Custom Threat Feed Websites - STIX Formatted Data and TAXII Import via Java

In this case, the threat feed data is available formatted as STIX and follows the TAXII protocol.

  1. Select RESOURCES > Malware IPs.
  2. Click on the "+" button on the left navigation tree to bring up the Create New Malware IP Group dialog.
  3. Enter Group and add Description. Click Save to create the folder under Malware IPs.
  4. Select the folder just created.
  5. Select More > Update > Update via API.
  6. Click the edit icon and:
    1. Enter the URL of the website.
    2. Enter User Name and Password (optional).
    3. For Plugin Type, select Java.
    4. Select 'STIX-TAXII' as the Data Format.
    5. For Plugin Class, choose com.accelops.service.threatfeed.impl.StixMalwareIPUpdateService and Full.
    6. Click Save.
  7. Select a import schedule by clicking + on the Schedule. Select when to start the import and how often to import to get new data from the website.
    The imported data will show on the right pane after some time.

Custom Threat Feed Websites - Programmatic Import via Python

In this case, the threat feed data is available via python integration.

  1. Select RESOURCES>Malware IPs.
  2. Click on the "+" button on the left navigation tree to bring up the Create New Malware IP Group dialog.
  3. Enter Group and add Description. Click Save to create the folder under Malware IPs.
  4. Select the folder just created.
  5. Select More > Update > Update via API.
  6. Click the edit icon next to URL and provide the following information:
    1. In the URL field, enter the URL of the website.

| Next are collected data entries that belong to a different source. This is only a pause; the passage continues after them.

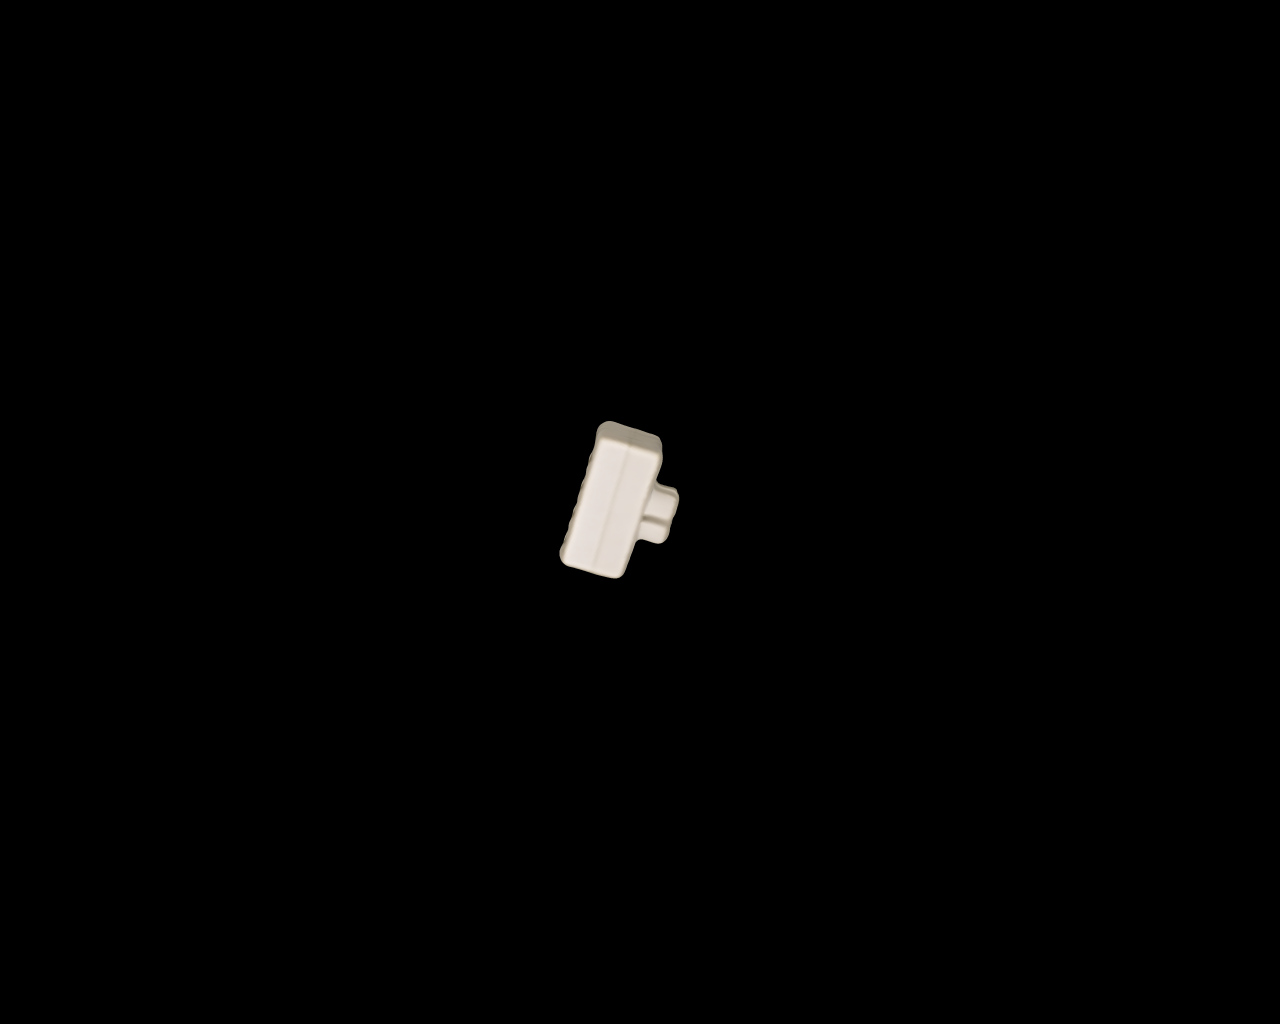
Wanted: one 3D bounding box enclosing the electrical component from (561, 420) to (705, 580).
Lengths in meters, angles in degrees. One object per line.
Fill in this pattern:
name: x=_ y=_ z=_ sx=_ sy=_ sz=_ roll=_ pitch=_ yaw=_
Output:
electrical component: x=0.001 y=-0.003 z=0.650 sx=0.076 sy=0.083 sz=0.047 roll=17 pitch=16 yaw=-5
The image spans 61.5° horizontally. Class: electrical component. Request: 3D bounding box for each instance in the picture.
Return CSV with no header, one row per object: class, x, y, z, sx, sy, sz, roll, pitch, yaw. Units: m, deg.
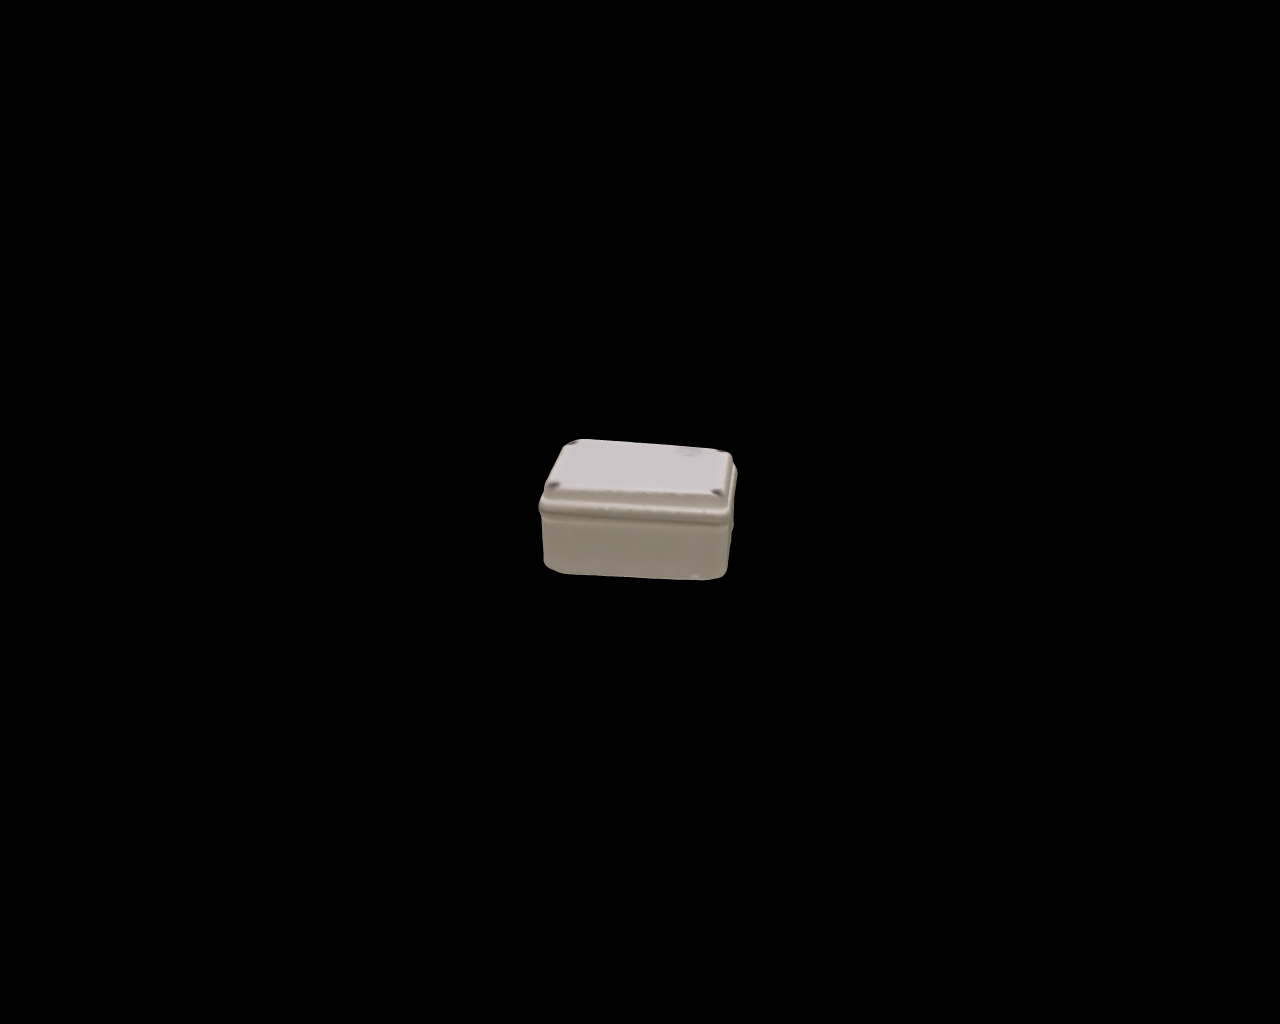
electrical component,0.001,-0.003,0.650,0.113,0.057,0.078,4,28,7
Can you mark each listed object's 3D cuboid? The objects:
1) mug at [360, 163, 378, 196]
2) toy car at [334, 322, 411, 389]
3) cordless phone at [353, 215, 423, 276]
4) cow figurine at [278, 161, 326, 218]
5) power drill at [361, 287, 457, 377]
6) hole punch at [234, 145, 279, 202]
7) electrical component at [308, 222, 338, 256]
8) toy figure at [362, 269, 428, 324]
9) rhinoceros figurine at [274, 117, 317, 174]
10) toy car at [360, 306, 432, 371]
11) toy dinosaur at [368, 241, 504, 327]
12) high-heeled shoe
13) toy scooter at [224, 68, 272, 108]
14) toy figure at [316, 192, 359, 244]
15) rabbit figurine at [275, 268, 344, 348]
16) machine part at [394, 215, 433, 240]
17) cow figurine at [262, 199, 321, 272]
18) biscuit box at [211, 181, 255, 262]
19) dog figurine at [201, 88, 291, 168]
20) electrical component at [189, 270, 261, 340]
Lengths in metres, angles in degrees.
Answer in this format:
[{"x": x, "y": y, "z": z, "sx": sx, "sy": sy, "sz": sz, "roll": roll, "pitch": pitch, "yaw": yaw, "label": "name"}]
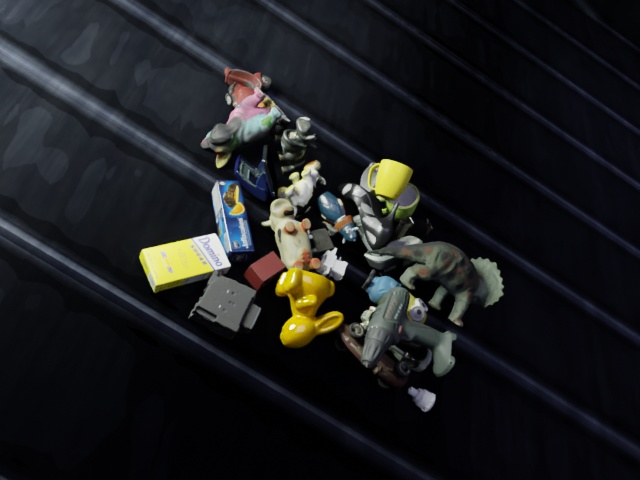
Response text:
[{"x": 0.179, "y": -0.168, "z": 1.551, "sx": 0.107, "sy": 0.081, "sz": 0.110, "roll": 17, "pitch": 45, "yaw": -29, "label": "mug"}, {"x": 0.115, "y": 0.269, "z": 1.234, "sx": 0.202, "sy": 0.089, "sz": 0.053, "roll": 40, "pitch": 48, "yaw": -1, "label": "toy car"}, {"x": 0.173, "y": -0.005, "z": 1.432, "sx": 0.147, "sy": 0.088, "sz": 0.184, "roll": -22, "pitch": 60, "yaw": -14, "label": "cordless phone"}, {"x": -0.036, "y": -0.136, "z": 1.418, "sx": 0.167, "sy": 0.068, "sz": 0.098, "roll": -51, "pitch": 120, "yaw": -36, "label": "cow figurine"}, {"x": 0.200, "y": 0.229, "z": 1.211, "sx": 0.207, "sy": 0.086, "sz": 0.232, "roll": 25, "pitch": 46, "yaw": -4, "label": "power drill"}, {"x": -0.156, "y": -0.161, "z": 1.349, "sx": 0.092, "sy": 0.115, "sz": 0.142, "roll": -16, "pitch": 31, "yaw": 3, "label": "hole punch"}, {"x": -0.001, "y": -0.004, "z": 1.372, "sx": 0.102, "sy": 0.045, "sz": 0.078, "roll": -7, "pitch": 63, "yaw": -30, "label": "electrical component"}, {"x": 0.189, "y": 0.152, "z": 1.351, "sx": 0.180, "sy": 0.089, "sz": 0.082, "roll": 34, "pitch": 71, "yaw": 8, "label": "toy figure"}, {"x": -0.060, "y": -0.244, "z": 1.406, "sx": 0.112, "sy": 0.190, "sz": 0.073, "roll": -10, "pitch": 68, "yaw": -11, "label": "rhinoceros figurine"}, {"x": 0.184, "y": 0.240, "z": 1.310, "sx": 0.202, "sy": 0.056, "sz": 0.073, "roll": 36, "pitch": 58, "yaw": -1, "label": "toy car"}, {"x": 0.318, "y": 0.077, "z": 1.359, "sx": 0.404, "sy": 0.131, "sz": 0.192, "roll": 38, "pitch": 88, "yaw": -28, "label": "toy dinosaur"}, {"x": 0.109, "y": -0.061, "z": 1.424, "sx": 0.086, "sy": 0.249, "sz": 0.145, "roll": 32, "pitch": 85, "yaw": -43, "label": "high-heeled shoe"}, {"x": -0.216, "y": -0.420, "z": 1.502, "sx": 0.135, "sy": 0.075, "sz": 0.184, "roll": 24, "pitch": 50, "yaw": -14, "label": "toy scooter"}, {"x": 0.052, "y": -0.059, "z": 1.421, "sx": 0.058, "sy": 0.064, "sz": 0.154, "roll": -26, "pitch": 74, "yaw": -43, "label": "toy figure"}, {"x": -0.035, "y": 0.165, "z": 1.228, "sx": 0.162, "sy": 0.122, "sz": 0.173, "roll": 23, "pitch": 67, "yaw": -24, "label": "rabbit figurine"}, {"x": 0.259, "y": -0.030, "z": 1.508, "sx": 0.139, "sy": 0.084, "sz": 0.039, "roll": -5, "pitch": 37, "yaw": -39, "label": "machine part"}, {"x": -0.074, "y": -0.008, "z": 1.305, "sx": 0.085, "sy": 0.127, "sz": 0.195, "roll": -11, "pitch": 81, "yaw": -31, "label": "cow figurine"}, {"x": -0.209, "y": -0.045, "z": 1.282, "sx": 0.063, "sy": 0.059, "sz": 0.203, "roll": -1, "pitch": 61, "yaw": -27, "label": "biscuit box"}, {"x": -0.198, "y": -0.281, "z": 1.392, "sx": 0.108, "sy": 0.219, "sz": 0.191, "roll": 53, "pitch": 8, "yaw": 7, "label": "dog figurine"}, {"x": -0.200, "y": 0.147, "z": 1.172, "sx": 0.134, "sy": 0.058, "sz": 0.115, "roll": 28, "pitch": 54, "yaw": -8, "label": "electrical component"}]

      Note: Include the "http://" or "https://" prefix.
    2. (optional) In the User Name field, enter the username used by the API.
    3. (optional) In the Password field, enter the password related to the username.
    4. For Plugin Type, select Python.
    5. Check the SSL Verify checkbox to include a check to the authenticity and validity of an SSL certificate.
    6. From the Plugin Name drop-down list, select the python script to use. Python scripts located under

      /opt/phoenix/data-definition/threatfeedIntegrations/

      will be available.

      Note: For more information on creating/using a Python script, see Appendix: Python Threat Feed Framework.

    7. For Data Update, select Full (Completely replace all data) or Incremental (add on to existing data).
  7. Click Save.
  8. Select an import schedule by clicking + on the Schedule. Select when to start the import and how often to import to get new data from the website.

    The imported data will show on the right pane after some time.